Acyclovir has not been shown to impair fertility or reproduction in mice (450 mg/kg/day, p.o.) or in rats (25 mg/kg/day, SC). In the mouse study plasma levels were 9 to 18 times human levels, while in the rat study they were 8 to 15 times human levels. At 50 mg/kg/day, SC in the rat (1 to 2 times human levels), there was a statistically significant increase in post-implantation loss, but no concomitant decrease in littler size. In female rabbits treated subcutaneously with acyclovir subsequent to mating, there was a statistically significant decrease in implantation efficiency but no concomitant decrease in litter size at a dose of 50 mg/kg/day (1 to 3 times human levels). No effect upon implantation efficiency was observed when the same dose was administered intravenously (4 to 9 times human levels). In a rat peri- and postnatal study at 50 mg/kg/day, SC (1 to 2 times human levels), there was a statistically significant decrease in the group mean numbers of corpora lutea, total implantation sites and live fetuses in the F¹ generation. Although not statistically significant, there was also a dose-related decrease in group mean numbers of live fetuses and implantation sites at 12.5 mg/kg/day and 25 mg/kg/day, SC. The intravenous administration of 100 mg/kg/day, a dose known to cause obstructive nephropathy in rabbits, caused a significant increase in fetal resorptions and a corresponding decrease in litter size (plasma levels were not measured). However, at a maximum tolerated intravenous dose of 50 mg/kg/day in rabbits (4 to 9 times human levels), no drug-related reproductive effects were observed.

Intraperitoneal doses of 80 or 320 mg/kg/day acyclovir given to rats for 6 and 1 months, respectively, caused testicular atrophy. Plasma levels were not measured in the one-month study and were 2 to 4 times human levels in the six-month study. Testicular atrophy was persistent through the 4-week postdose recovery phase after 320 mg/kg/day; some evidence of recovery of sperm production was evident 30 days postdose. Intravenous dose of 100 and 200 mg/kg/day acyclovir given to dogs for 31 days caused aspermatogenesis. At 100 mg/kg/day plasma levels were 4 to 8 times human levels, while at 200 mg/kg/day they were 13 to 25 times human levels. No testicular abnormalities were seen in dogs given 50 mg/kg/day IV for one month (2 to 3 times human levels) and in dogs given 60 mg/kg/day orally for one year (the same as human levels).

Pregnancy

Teratogenic Effects: Pregnancy Category C. Acyclovir was not teratogenic in the mouse (450 mg/kg/day, p.o.), rabbit (50 mg/kg/day, SC and IV) or in standard tests in the rat (50 mg/kg/day, SC). These exposures resulted in plasma levels the same as, 4 and 9, and 1 and 2 times, respectively, human levels. In a non-standard test in rats there were fetal abnormalities, such as head and tail anomalies, and maternal toxicity.³⁷ In this test, rats were given 3 SC doses of 100 mg/kg acyclovir on gestation day 10, resulting in plasma levels 5 and 10 times human levels. There are no adequate and well-controlled studies in pregnant women. Acyclovir should not be used during pregnancy unless the potential benefit justifies the potential risk to the fetus. Although acyclovir was not teratogenic in standard animal studies, the drug's potential for causing chromosome breaks at high concentration should be taken into consideration in making this determination.

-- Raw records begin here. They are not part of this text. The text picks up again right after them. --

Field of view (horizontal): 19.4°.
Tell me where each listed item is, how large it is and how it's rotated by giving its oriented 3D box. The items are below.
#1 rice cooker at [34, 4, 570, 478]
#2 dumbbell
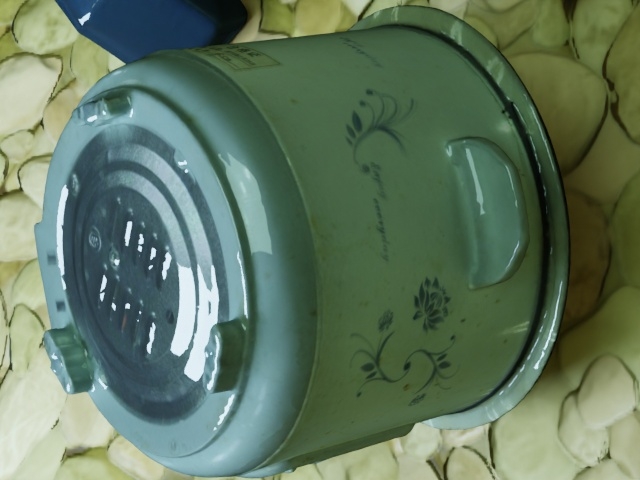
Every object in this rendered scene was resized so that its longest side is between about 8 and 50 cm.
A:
[{"bbox_3d":[0.000,0.000,1.116,0.316,0.316,0.264,-12,90,32],"label":"rice cooker"},{"bbox_3d":[-0.049,-0.262,1.293,0.325,0.160,0.144,-46,30,18],"label":"dumbbell"}]
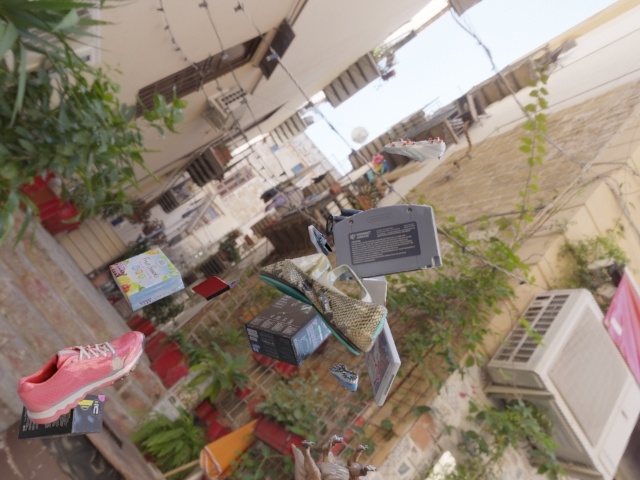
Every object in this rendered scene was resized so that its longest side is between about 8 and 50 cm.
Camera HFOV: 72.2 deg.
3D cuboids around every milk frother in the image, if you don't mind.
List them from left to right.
[{"bbox_3d":[0.101,-0.030,1.570,0.129,0.135,0.143,124,-31,-57],"label":"milk frother"}]

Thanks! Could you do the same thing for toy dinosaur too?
[{"bbox_3d":[0.033,0.542,0.936,0.296,0.200,0.127,7,-6,28],"label":"toy dinosaur"}]

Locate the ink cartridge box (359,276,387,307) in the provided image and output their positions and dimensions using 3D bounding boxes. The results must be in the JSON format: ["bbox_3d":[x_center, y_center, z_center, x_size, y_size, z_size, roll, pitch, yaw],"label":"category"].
[{"bbox_3d":[0.243,0.264,2.075,0.273,0.114,0.196,-30,124,-84],"label":"ink cartridge box"}]

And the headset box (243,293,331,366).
[{"bbox_3d":[-0.106,0.331,1.725,0.246,0.283,0.131,6,-61,36],"label":"headset box"}]

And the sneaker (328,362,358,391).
[{"bbox_3d":[0.080,0.508,1.613,0.162,0.063,0.073,18,-63,61],"label":"sneaker"}]

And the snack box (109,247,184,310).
[{"bbox_3d":[-0.579,0.122,1.461,0.207,0.175,0.070,36,-40,43],"label":"snack box"}]

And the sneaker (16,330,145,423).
[{"bbox_3d":[-0.595,0.316,1.110,0.116,0.314,0.136,17,-48,41],"label":"sneaker"}]

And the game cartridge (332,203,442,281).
[{"bbox_3d":[0.186,0.002,1.265,0.297,0.198,0.062,-10,-18,20],"label":"game cartridge"}]

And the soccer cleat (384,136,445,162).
[{"bbox_3d":[0.302,-0.284,1.404,0.068,0.196,0.076,-98,-175,-60],"label":"soccer cleat"}]

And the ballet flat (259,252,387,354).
[{"bbox_3d":[0.010,0.138,1.247,0.483,0.182,0.164,28,-10,48],"label":"ballet flat"}]

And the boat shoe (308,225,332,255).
[{"bbox_3d":[0.000,0.000,1.376,0.142,0.040,0.049,62,16,-47],"label":"boat shoe"}]

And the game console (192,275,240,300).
[{"bbox_3d":[-0.425,0.180,1.791,0.144,0.124,0.085,-27,-82,28],"label":"game console"}]

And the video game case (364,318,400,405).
[{"bbox_3d":[0.188,0.372,1.364,0.201,0.023,0.183,-100,-158,-59],"label":"video game case"}]

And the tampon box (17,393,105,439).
[{"bbox_3d":[-0.697,0.476,1.190,0.120,0.161,0.101,64,18,-65],"label":"tampon box"}]
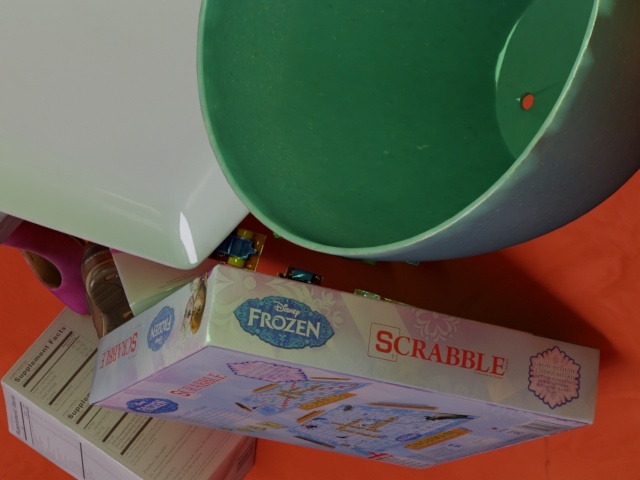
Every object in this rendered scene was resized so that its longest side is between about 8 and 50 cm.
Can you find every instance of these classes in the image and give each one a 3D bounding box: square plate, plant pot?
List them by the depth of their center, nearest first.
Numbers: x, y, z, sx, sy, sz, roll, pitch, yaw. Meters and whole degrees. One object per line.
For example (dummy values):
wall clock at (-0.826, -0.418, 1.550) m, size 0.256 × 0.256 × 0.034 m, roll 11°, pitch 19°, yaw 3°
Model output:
plant pot at (0.100, -0.117, 1.114) m, size 0.290 × 0.290 × 0.195 m, roll 11°, pitch 177°, yaw 45°
square plate at (-0.162, -0.126, 1.378) m, size 0.347 × 0.049 × 0.344 m, roll 19°, pitch 139°, yaw -25°

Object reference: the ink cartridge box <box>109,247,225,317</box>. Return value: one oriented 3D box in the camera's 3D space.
ink cartridge box at (-0.133, 0.024, 1.738) m, size 0.143 × 0.090 × 0.092 m, roll -116°, pitch 5°, yaw -45°

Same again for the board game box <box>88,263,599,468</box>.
board game box at (0.009, 0.111, 1.578) m, size 0.318 × 0.065 × 0.319 m, roll 13°, pitch 163°, yaw -20°

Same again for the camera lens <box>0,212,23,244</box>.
camera lens at (-0.376, -0.111, 1.751) m, size 0.274 × 0.219 × 0.219 m, roll 42°, pitch 154°, yaw -3°

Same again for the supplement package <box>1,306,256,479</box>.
supplement package at (-0.204, 0.196, 2.094) m, size 0.244 × 0.134 × 0.139 m, roll 33°, pitch 153°, yaw 13°

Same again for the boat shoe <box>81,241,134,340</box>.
boat shoe at (-0.205, 0.065, 1.989) m, size 0.178 × 0.064 × 0.060 m, roll 80°, pitch 164°, yaw -50°

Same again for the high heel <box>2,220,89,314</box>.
high heel at (-0.308, 0.014, 1.969) m, size 0.082 × 0.117 × 0.244 m, roll 20°, pitch 147°, yaw 35°

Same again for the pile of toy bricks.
pile of toy bricks at (0.000, 0.000, 1.590) m, size 0.212 × 0.118 × 0.105 m, roll 18°, pitch 178°, yaw 9°
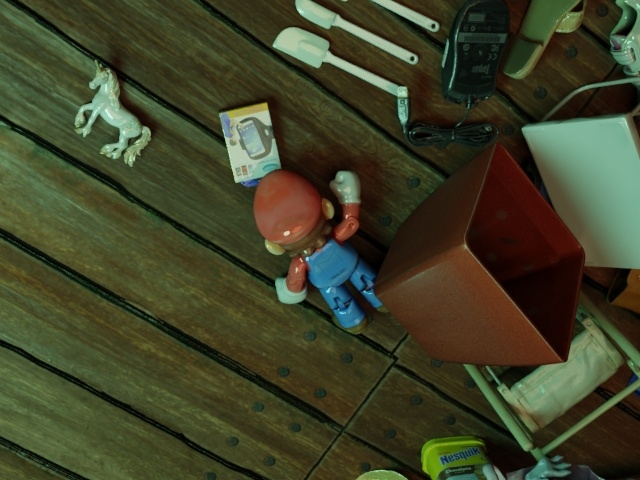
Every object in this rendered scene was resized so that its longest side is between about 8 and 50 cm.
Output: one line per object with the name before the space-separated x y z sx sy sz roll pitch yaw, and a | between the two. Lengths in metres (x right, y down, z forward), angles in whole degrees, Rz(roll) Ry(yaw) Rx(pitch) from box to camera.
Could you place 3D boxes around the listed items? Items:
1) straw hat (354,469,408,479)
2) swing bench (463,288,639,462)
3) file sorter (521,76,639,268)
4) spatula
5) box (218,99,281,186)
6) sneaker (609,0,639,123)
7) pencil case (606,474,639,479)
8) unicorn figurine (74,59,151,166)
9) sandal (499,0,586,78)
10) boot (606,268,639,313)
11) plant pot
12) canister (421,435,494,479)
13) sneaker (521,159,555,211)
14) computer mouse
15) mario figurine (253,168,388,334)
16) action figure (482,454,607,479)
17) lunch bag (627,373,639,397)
straw hat | 0.123 0.513 1.632 0.144 0.144 0.061 -36 152 3
swing bench | 0.402 0.210 1.509 0.253 0.254 0.165 -38 148 5
file sorter | 0.501 -0.115 1.406 0.173 0.193 0.277 -41 114 -30
spatula | 0.066 -0.340 1.373 0.242 0.019 0.168 22 102 -15
box | -0.113 -0.155 1.400 0.081 0.028 0.136 -14 108 -5
sneaker | 0.536 -0.313 1.421 0.111 0.103 0.252 -5 102 -3
pencil case | 0.585 0.559 1.676 0.386 0.167 0.160 -3 141 -8
unicorn figurine | -0.334 -0.200 1.339 0.111 0.060 0.162 -45 125 6
sandal | 0.390 -0.368 1.400 0.079 0.088 0.240 14 115 -46
boot | 0.663 0.038 1.514 0.211 0.104 0.295 18 126 -10
plant pot | 0.247 0.051 1.390 0.236 0.267 0.267 -26 115 40
canister | 0.269 0.439 1.576 0.126 0.170 0.073 -2 108 -9
sneaker | 0.386 -0.071 1.488 0.085 0.058 0.152 -9 105 -12
computer mouse | 0.209 -0.276 1.398 0.184 0.060 0.262 -7 120 -11
mario figurine | 0.000 0.000 1.441 0.320 0.170 0.198 53 57 -30
action figure | 0.425 0.566 1.452 0.276 0.248 0.370 -4 124 1
lunch bag | 0.741 0.293 1.539 0.221 0.293 0.138 9 106 -12
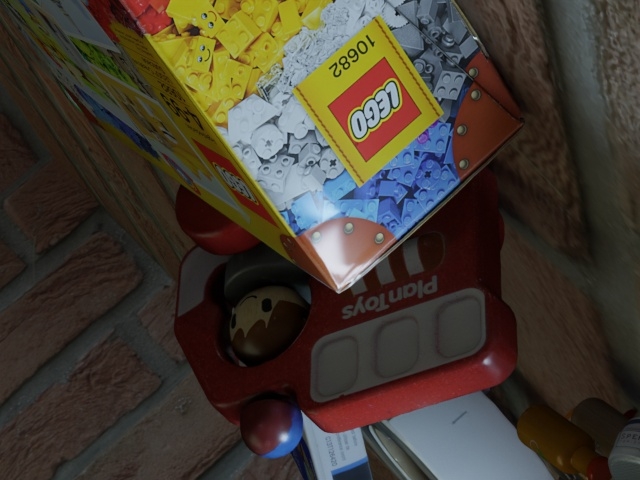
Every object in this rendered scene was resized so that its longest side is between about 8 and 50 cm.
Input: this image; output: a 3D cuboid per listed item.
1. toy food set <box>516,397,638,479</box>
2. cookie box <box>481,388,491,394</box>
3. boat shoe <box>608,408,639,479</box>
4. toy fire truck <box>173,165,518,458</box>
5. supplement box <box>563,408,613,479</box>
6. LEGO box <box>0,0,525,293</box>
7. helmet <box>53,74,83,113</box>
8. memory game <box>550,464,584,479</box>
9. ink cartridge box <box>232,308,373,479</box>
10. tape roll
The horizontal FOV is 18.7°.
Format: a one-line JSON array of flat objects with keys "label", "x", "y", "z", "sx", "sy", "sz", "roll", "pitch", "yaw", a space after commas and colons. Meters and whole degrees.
[{"label": "toy food set", "x": 0.276, "y": 0.224, "z": 1.713, "sx": 0.104, "sy": 0.111, "sz": 0.232, "roll": 36, "pitch": 162, "yaw": 54}, {"label": "cookie box", "x": 0.149, "y": 0.135, "z": 2.165, "sx": 0.092, "sy": 0.040, "sz": 0.107, "roll": 46, "pitch": 170, "yaw": 14}, {"label": "boat shoe", "x": 0.322, "y": 0.225, "z": 1.571, "sx": 0.109, "sy": 0.094, "sz": 0.302, "roll": 19, "pitch": 152, "yaw": 38}, {"label": "toy fire truck", "x": 0.011, "y": 0.042, "z": 1.553, "sx": 0.169, "sy": 0.302, "sz": 0.254, "roll": 47, "pitch": -147, "yaw": -41}, {"label": "supplement box", "x": 0.276, "y": 0.221, "z": 1.942, "sx": 0.098, "sy": 0.036, "sz": 0.062, "roll": 44, "pitch": 170, "yaw": 24}, {"label": "LEGO box", "x": -0.121, "y": -0.221, "z": 1.467, "sx": 0.372, "sy": 0.193, "sz": 0.500, "roll": 54, "pitch": 169, "yaw": -30}, {"label": "helmet", "x": -0.213, "y": -0.204, "z": 2.075, "sx": 0.161, "sy": 0.169, "sz": 0.169, "roll": 65, "pitch": 171, "yaw": 3}, {"label": "memory game", "x": 0.321, "y": 0.304, "z": 2.155, "sx": 0.186, "sy": 0.012, "sz": 0.186, "roll": 47, "pitch": 171, "yaw": 10}, {"label": "ink cartridge box", "x": -0.031, "y": 0.134, "z": 2.136, "sx": 0.307, "sy": 0.072, "sz": 0.303, "roll": -121, "pitch": 13, "yaw": -55}, {"label": "tape roll", "x": 0.139, "y": 0.227, "z": 2.145, "sx": 0.286, "sy": 0.100, "sz": 0.286, "roll": 47, "pitch": 171, "yaw": 10}]
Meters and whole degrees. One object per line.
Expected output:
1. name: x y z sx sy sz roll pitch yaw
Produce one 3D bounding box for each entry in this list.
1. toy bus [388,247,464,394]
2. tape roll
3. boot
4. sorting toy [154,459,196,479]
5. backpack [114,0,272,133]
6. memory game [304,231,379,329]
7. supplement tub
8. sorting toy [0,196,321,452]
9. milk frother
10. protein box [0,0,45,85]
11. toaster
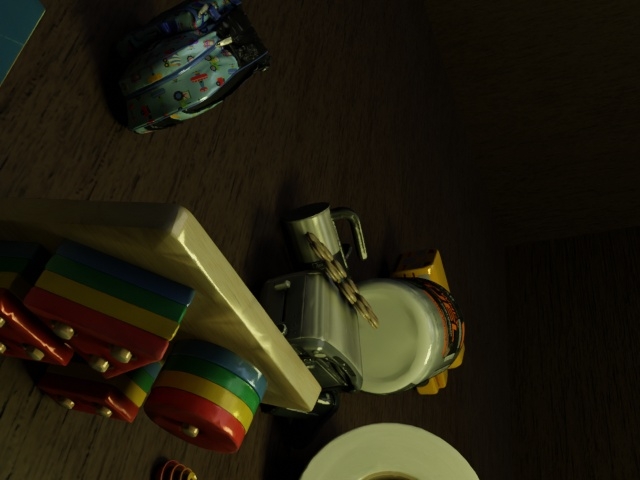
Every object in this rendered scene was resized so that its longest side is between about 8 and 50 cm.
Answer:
1. toy bus: 0.246 0.191 1.856 0.108 0.130 0.332 -59 135 -60
2. tape roll: 0.091 0.405 1.124 0.100 0.286 0.286 102 -11 -66
3. boot: -0.039 0.253 1.174 0.099 0.121 0.045 22 28 -35
4. sorting toy: -0.150 0.294 0.894 0.061 0.042 0.102 -61 137 -59
5. backpack: -0.167 -0.204 0.941 0.116 0.158 0.173 62 38 -22
6. memory game: 0.035 0.060 1.226 0.186 0.012 0.186 53 3 -4
7. supplement tub: 0.155 0.172 1.520 0.338 0.207 0.207 5 76 -69
8. sorting toy: -0.168 0.082 0.670 0.257 0.256 0.089 59 45 -43
9. milk frother: 0.000 0.000 1.379 0.143 0.129 0.134 20 -51 63
10. protein box: -0.321 -0.157 0.520 0.199 0.136 0.201 60 28 -43
11. toaster: -0.011 0.144 1.209 0.227 0.129 0.146 50 34 -49

Pregnancy Exposure Registry: To monitor maternal fetal outcomes of pregnant women exposed to systemic acyclovir, Glaxo Wellcome Co. maintains an Acyclovir Pregnancy Registry. Physicians are encouraged to register patients by calling (800) 722-9292 ext. 8465.

Nursing Mothers

Acyclovir concentrations have been documented in breast milk in two women following oral administration of acyclovir and ranged from 0.6 to 4.1 times corresponding plasma levels.^38,39 These concentrations would potentially expose the nursing infant to a dose acyclovir up to 0.3 mg/kg/day. Caution should be exercised when acyclovir is administered to a nursing woman.